-- Problem requirements --
In the material below, list every line carrying the string "each".

-- Extracted data --
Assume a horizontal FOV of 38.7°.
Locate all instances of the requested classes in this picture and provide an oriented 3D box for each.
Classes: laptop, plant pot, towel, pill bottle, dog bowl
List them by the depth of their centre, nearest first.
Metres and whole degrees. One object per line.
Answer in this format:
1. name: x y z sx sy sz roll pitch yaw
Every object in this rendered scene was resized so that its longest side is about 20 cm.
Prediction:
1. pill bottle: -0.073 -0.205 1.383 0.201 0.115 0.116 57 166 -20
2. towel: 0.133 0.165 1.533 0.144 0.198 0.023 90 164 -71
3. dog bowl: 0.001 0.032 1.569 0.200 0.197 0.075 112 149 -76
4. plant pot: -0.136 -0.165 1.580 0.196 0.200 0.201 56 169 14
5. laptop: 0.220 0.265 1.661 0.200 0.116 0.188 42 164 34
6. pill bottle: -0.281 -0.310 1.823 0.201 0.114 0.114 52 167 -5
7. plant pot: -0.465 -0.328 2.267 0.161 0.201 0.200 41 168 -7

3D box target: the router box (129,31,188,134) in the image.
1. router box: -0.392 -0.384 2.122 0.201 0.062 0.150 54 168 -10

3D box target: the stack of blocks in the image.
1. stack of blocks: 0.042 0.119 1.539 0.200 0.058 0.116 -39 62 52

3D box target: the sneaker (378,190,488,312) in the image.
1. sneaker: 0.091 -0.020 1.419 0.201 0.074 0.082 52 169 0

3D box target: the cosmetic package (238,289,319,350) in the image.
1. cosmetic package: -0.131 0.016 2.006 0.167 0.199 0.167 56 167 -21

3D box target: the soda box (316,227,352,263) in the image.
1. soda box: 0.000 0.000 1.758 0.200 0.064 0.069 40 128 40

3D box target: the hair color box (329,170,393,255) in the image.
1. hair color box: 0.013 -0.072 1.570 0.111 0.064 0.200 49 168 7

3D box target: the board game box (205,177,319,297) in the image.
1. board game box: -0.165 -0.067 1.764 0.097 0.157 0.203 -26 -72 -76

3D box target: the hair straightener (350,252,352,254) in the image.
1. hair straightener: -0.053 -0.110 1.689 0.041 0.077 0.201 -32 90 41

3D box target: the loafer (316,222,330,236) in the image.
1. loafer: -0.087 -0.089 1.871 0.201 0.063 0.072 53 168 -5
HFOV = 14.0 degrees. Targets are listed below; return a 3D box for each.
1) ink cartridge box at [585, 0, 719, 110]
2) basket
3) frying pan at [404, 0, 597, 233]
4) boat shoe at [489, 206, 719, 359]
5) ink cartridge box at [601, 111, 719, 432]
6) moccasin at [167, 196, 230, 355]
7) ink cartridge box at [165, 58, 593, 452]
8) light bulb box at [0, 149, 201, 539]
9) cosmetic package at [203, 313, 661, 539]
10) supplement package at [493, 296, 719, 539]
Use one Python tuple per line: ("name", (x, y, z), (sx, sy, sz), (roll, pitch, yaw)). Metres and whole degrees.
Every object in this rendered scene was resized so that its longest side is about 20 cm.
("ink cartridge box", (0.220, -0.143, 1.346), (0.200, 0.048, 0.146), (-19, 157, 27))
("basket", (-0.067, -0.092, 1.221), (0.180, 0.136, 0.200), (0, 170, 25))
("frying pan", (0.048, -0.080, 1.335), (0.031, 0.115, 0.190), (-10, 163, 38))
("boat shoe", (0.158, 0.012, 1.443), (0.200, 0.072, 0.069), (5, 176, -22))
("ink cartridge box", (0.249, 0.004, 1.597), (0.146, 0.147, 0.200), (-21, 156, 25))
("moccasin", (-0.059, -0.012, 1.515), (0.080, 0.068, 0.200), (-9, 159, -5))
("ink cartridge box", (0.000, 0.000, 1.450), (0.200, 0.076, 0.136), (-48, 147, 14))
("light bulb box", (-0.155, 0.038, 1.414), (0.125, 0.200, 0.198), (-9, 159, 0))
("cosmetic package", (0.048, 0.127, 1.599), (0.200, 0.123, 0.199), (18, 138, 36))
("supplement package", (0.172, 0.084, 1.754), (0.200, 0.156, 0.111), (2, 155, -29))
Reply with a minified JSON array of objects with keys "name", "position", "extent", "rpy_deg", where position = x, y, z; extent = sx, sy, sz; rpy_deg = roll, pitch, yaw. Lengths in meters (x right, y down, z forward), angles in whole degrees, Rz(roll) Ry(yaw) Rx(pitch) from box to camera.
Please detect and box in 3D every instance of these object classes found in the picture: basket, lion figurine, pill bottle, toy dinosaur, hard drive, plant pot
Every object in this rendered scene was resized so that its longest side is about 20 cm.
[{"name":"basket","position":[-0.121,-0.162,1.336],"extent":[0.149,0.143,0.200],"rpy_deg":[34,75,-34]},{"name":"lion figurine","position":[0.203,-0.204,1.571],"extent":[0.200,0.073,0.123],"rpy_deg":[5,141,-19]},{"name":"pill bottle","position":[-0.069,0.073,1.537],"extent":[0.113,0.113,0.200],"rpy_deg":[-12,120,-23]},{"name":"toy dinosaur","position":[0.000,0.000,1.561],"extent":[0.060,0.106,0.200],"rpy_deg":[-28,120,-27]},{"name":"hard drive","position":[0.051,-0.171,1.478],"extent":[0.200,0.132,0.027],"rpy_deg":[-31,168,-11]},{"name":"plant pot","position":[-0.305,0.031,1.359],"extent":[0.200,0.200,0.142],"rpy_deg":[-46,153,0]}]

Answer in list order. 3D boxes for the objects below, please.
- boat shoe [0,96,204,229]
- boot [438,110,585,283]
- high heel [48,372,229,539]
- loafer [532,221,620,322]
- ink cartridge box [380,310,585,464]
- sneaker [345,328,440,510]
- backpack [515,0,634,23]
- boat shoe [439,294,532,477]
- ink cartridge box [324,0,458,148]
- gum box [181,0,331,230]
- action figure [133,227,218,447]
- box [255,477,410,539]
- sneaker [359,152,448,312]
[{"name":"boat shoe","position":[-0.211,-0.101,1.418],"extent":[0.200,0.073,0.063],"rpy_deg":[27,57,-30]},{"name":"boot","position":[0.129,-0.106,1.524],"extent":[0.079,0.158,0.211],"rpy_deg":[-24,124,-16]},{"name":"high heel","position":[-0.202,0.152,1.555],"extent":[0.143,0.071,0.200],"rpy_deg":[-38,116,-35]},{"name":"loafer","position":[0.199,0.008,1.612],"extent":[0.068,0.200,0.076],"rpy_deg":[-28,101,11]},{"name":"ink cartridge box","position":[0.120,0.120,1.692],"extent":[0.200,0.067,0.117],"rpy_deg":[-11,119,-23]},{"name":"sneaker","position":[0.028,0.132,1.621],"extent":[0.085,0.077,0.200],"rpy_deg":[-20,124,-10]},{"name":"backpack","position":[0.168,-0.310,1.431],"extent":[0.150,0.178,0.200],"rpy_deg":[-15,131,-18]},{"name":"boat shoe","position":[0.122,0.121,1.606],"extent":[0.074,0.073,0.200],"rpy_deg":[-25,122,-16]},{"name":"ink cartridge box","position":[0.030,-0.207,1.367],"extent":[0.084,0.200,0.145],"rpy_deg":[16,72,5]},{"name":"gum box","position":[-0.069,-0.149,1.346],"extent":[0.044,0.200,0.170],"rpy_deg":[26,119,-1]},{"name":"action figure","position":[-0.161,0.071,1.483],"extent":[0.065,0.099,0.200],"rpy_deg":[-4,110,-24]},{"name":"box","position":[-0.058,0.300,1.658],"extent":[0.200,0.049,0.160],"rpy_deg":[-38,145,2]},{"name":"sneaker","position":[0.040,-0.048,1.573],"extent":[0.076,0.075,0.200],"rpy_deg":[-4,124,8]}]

-- Answer area --
Locate all instances of the requested classes in this picture and provide an oriented 3D box for each.
HFOV = 14.0 degrees. Targets are listed below; return a 3D box for each.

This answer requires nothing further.